Is AI male or female? I went looking for the answer — and it completely changed how I think about ChatGPT
Voice AI changed how we view and treat AI assistants
I called Siri "she" the other day. I caught myself, because I've unconsciously done the same thing with Alexa+. And oddly enough, once during a conversation, ChatGPT responded to a query with "If I was having this conversation with my wife..." It gave me pause because I'd never heard AI take on a gender role like that. While it's unlikely that ChatGPT would actually have a wife, some users are leaning into AI to help them find one.
But in the same way you may refer to a ship or a storm by a pronoun, some think of AI as either male or female. When I stopped to consider why, I fell into a rabbit hole that changed how I think about our entire relationship with the technology.
AI and pronouns
When the major voice assistants launched, most arrived with a woman's voice. Not by accident. A UNESCO report published in 2019, pointedly titled "I'd Blush If I Could" — after the line Siri once delivered in response to verbal abuse — laid out how that choice was baked into the products we invited into our homes. The researchers didn't mince words about the signal: suggesting that women are obliging, available at the touch of a button, tolerant of poor treatment. And while Apple eventually stopped making its assistant female by default, the cultural residue remains.

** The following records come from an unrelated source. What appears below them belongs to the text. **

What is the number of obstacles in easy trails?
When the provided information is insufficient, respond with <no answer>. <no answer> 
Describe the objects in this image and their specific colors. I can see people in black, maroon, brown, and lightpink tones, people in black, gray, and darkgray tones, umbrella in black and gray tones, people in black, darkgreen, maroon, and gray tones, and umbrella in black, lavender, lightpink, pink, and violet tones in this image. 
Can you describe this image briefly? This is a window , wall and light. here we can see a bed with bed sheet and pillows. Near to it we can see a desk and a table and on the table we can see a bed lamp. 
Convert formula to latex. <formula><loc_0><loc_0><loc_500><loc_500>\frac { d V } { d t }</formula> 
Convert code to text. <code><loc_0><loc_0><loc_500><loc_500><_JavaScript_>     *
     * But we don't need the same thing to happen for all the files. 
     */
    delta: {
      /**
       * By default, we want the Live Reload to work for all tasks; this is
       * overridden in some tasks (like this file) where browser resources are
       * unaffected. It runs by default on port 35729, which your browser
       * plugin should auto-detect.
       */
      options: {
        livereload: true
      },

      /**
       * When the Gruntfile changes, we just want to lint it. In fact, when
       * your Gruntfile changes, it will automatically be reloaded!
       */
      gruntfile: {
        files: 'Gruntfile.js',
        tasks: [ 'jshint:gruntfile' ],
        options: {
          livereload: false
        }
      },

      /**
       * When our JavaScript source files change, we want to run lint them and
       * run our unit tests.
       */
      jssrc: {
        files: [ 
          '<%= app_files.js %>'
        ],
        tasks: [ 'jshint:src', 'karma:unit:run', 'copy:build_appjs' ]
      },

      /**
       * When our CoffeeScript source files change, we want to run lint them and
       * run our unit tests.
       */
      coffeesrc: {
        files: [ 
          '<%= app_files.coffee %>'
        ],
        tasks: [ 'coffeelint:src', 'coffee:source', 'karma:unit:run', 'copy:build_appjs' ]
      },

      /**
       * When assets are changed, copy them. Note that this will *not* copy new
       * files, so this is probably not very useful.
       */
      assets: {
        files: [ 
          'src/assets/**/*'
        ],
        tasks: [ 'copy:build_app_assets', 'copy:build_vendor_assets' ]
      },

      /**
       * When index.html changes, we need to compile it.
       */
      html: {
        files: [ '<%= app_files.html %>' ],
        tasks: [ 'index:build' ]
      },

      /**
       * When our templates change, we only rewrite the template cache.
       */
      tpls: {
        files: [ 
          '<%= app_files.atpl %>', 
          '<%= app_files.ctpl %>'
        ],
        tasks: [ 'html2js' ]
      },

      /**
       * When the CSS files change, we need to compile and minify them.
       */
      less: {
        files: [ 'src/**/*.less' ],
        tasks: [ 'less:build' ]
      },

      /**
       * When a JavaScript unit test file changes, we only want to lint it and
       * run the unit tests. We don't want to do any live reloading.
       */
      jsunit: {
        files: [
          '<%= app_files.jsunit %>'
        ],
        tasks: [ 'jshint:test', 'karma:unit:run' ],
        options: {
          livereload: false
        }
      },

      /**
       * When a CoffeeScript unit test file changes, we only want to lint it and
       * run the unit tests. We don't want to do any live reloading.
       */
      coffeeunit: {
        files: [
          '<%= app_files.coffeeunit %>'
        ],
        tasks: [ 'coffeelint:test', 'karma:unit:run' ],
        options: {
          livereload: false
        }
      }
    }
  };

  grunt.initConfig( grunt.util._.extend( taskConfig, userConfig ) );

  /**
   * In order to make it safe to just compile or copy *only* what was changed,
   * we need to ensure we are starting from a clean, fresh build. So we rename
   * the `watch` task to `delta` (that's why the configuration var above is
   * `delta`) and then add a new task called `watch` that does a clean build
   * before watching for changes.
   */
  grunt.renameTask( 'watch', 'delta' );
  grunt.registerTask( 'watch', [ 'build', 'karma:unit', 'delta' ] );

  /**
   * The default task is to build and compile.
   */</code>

But here's what stopped me cold after I dug a little deeper. In a 2021 set of experiments published in Psychology & Marketing — five studies, more than 3,000 participants — researchers found that female-coded AI bots were rated as more human. The logic is frankly unsettling: warmth and the capacity to feel are exactly the qualities we treat as proof of personhood, and exactly the qualities machines are assumed to lack. Code a machine as female, and we lend it a little more of our own humanity.
That reframed my original question entirely. The issue was never "Is AI male or female?" But rather, why are we so determined to make AI feel human at all?
An instinct older than language
Humans have always done things like name our cars, apologize to furniture we walk into and don't get me started on the guilt I feel when tossing beloved stuffed animals into a "give away" box. Psychologists have studied this tendency for decades and come to the conclusion that our brains evolved to detect minds everywhere, because assuming something might be a thinking agent was almost always safer than assuming it wasn't. For hundreds of thousands of years, this worked flawlessly because only people could actually talk back.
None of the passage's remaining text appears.